The killed and injured were moved to two hospitals in the city.

Bakht Khan, a health official, at the District Hospital confirmed that six bodies were moved there. Seven were brought to the Combined Military Hospital.

Six of the 22 injured were said to be in critical condition. Following the blast, the military cordoned off the area and several ambulances were lined up outside the bakery.

A security official who spoke on condition of anonymity said: “The militants might have targeted the bakery because every Sunday evening it is usually packed with army men.”

Military spokesman Major General Athar Abbas said at least four security personnel were among the dead.
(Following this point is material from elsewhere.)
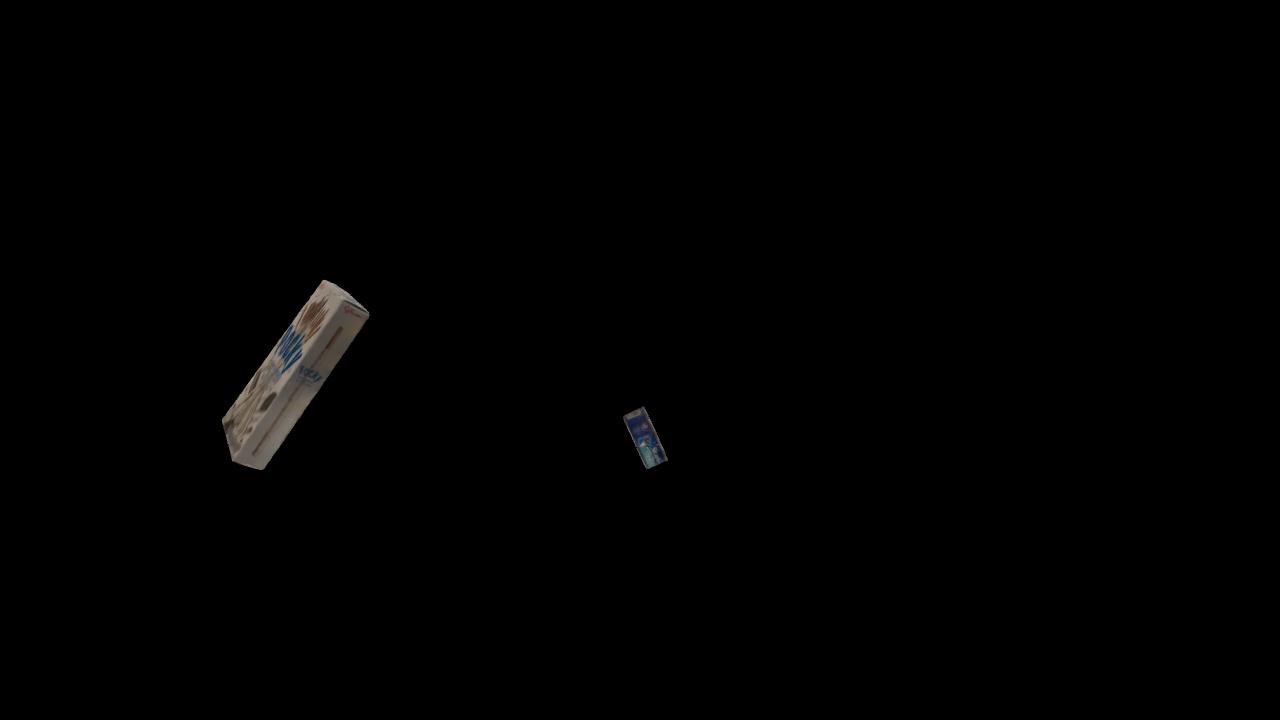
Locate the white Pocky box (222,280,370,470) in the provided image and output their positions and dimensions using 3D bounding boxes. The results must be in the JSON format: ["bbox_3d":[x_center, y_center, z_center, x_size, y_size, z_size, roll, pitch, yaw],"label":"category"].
[{"bbox_3d":[-0.293,0.008,0.522,0.028,0.154,0.084,37,-7,-41],"label":"white Pocky box"}]

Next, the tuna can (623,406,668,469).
[{"bbox_3d":[0.007,0.110,0.865,0.034,0.084,0.084,-24,2,-4],"label":"tuna can"}]

He confirmed the blast was a suicide attack.

Pakistan’s NWFP province has seen dozens of deadly suicide attacks by pro-Taliban militants entrenched in the neighbouring tribal region that borders Afghanistan.

The new government offered peace talks to the militants in March resulting in a sharp decline in the militants’ attacks.

The two sides are currently carrying out a prisoner swap ahead of an expected formal peace deal.

More than 70 prisoners, including 18 security officials, have been released since Wednesday.

Asfand Yar Wali, the head of Awami National Party, which leads the provincial government in NWFP and is directly engaged in peace negotiations with rebels, condemned the attack.

“The attack is aimed at disrupting the peace process,” he said.

Under the planned peace accord, Pakistan will partially pull out its troops from the tribal belt, which is a safe haven for Al Qaeda and Taliban fighters launching cross-border attacks on international forces in Afghanistan.

This has raised concerns in Washington that wants Islamabad to go hard on insurgents.

“You cannot put restrictions on the military and let militants go free,” US Assistant Secretary of State Richard Boucher said on Thursday.

The United States has repeatedly warned that its forces could target militant hideouts on Pakistani soil.

On Thursday, two guided missiles fired from a US drone landed upon the house of a local Taliban leader, killing more than a dozen people.